One talks a lot about pursuing one's dreams but few can actually manage to do so. When I decided to venture into work I gave a lot of thought about what was that one thing that gave me happiness because I wanted to enjoy doing what I did and this is the 'gyaan' I give my children too ... follow your dreams and rest would come true.

There is an unmistakable realization, of how precious times spent together as a family are. So we take holidays together with the children for we know that it’s only a short while before they are hard pressed to find time as they move into jobs and have responsibilities of their own- but then that is life ... bittersweet.

I am now a lot more comfortable being on my own ... get more time to talk with the hubby, we do our own simple things which we missed doing in their growing up years ...we travel a lot more, have rekindled my interest in reading ... it's a new life which beckons me. Yes, children are still very important to me and I shall always be there for them when they need me ... yet I realize they have dreams and  ambitions ... they will  need to find their place under the sun, and this discovery will be their own ...

  



Wednesday, June 26, 2013

Travel Travails

This was something I had been putting off for a long time, but now there was no getting out of it. This time it was imperative for me to fly to the U.S, after all how could I not not be there for my son's graduation. It's not that I don't enjoy travelling, in fact I love it, but the travel time is quite killing. At least for someone like me who feels claustrophobic in closed spaces. The family suggested that I read up about claustrophobia on the internet - after all there must be something that exists out there than can alleviate my fear. I browsed through a whole lot of suggestions from herbal remedies to flying first class (is this really a rainy day situation?) but realized that they were not working for me, instead were making me all the more nervous. So when booking the flights, we decided to break journey in order to make it more comfortable for me.

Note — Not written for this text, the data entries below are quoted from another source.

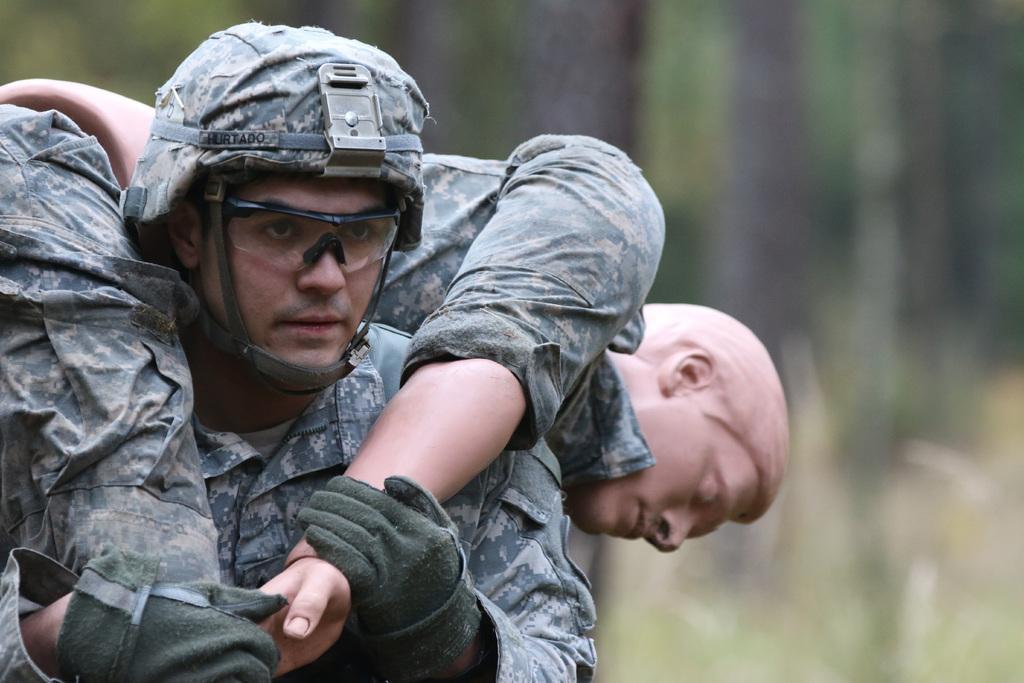Could you give a brief overview of what you see in this image? In this picture we can see two people, one person is wearing a goggles, gloves and in the background we can see it is blurry. 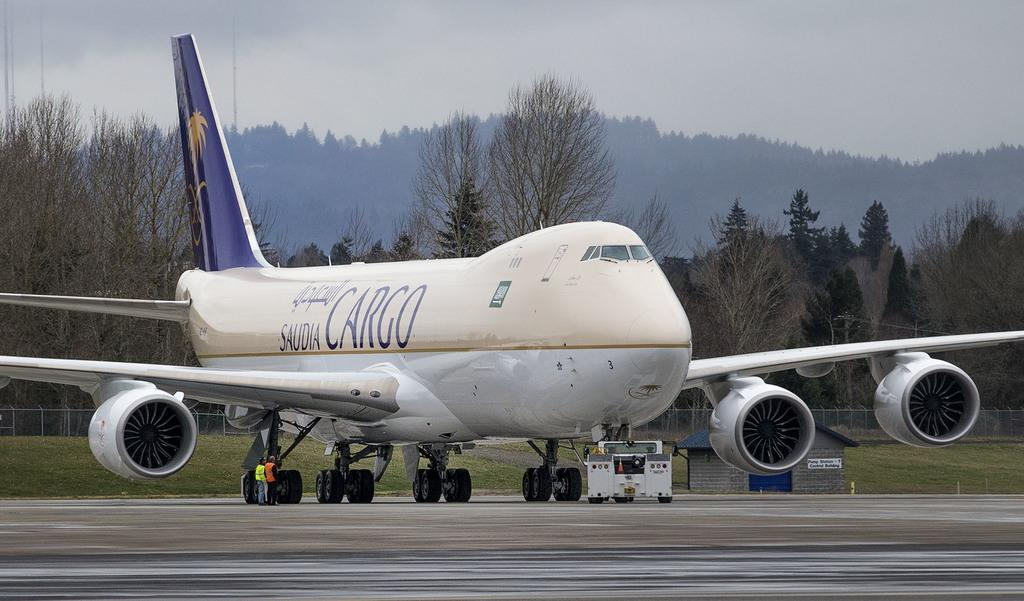<image>
Write a terse but informative summary of the picture. a plane with the words Saudia Cargo on the side 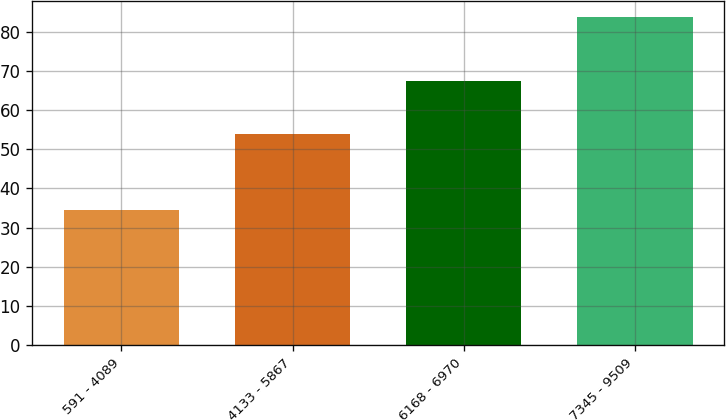Convert chart to OTSL. <chart><loc_0><loc_0><loc_500><loc_500><bar_chart><fcel>591 - 4089<fcel>4133 - 5867<fcel>6168 - 6970<fcel>7345 - 9509<nl><fcel>34.39<fcel>54.02<fcel>67.38<fcel>83.78<nl></chart>

The plane took off and after the meals everyone settled in for the night and the lights were switched off - that was my nemesis. Within this closed space and in pitch darkness, I could feel the panic welling up. I had all sorts of images of going into panic mode and I quickly rushed to the back of the plane - the galley. Thankfully the lights were on in there and I felt much better. The air-hostess nodded understandingly when I told her how I was feeling. I think they are quite used to such loony cases. Needless to say, the entire night was spent shuttling back and forth, from my seat to the galley, and from the galley to the seat whenever the seat-belt sign went on (that darned turbulence!). Anyway, in the morning things as usual looked nice and I forgot about my nights ordeal. Now we had reached Zurich and half my travel time was over.

I happily boarded the flight to New York - happy because it was a day flight and by now I had surmised that darkness and closed spaces put together were anathema for me. But after the food service, to my surprise (which was then followed by absolute horror) the blinds were pulled downwards and the lights were switched off AGAIN - it was siesta time. Panic started building up - now what was I supposed to do? I didn't  fancy spending another seven hours in the galley (no offense to the air-hostesses). I looked around and everyone looked very comfortable - nobody looked the least bit discomforted. There was an Italian family  which was sitting nearby. They were really high spirited - talking at high pitch and cracking jokes - a very enthusiastic lot. Right in front were a couple of guys with a girl wearing t-shirts from Hell's Kitchen. One of the guy's spoke non-stop to the girl travelling with him - till now I always thought that we females could chat - but hey that guy could sure give us stiff competition in a chatathon. I got so busy observing my fellow passengers that I forgot about my paranoia. When we landed, the Italian family let out a huge shout of joy - it was clearly their first time to the U.S too.

Now when I look back I feel nice that I handled my fears better - what was this entire fuss about? So my take from this entire experience has been that one should first tackle the monster, and that it can only get better from there.

P.S - Forgot to tell you that the return flight was a breeze.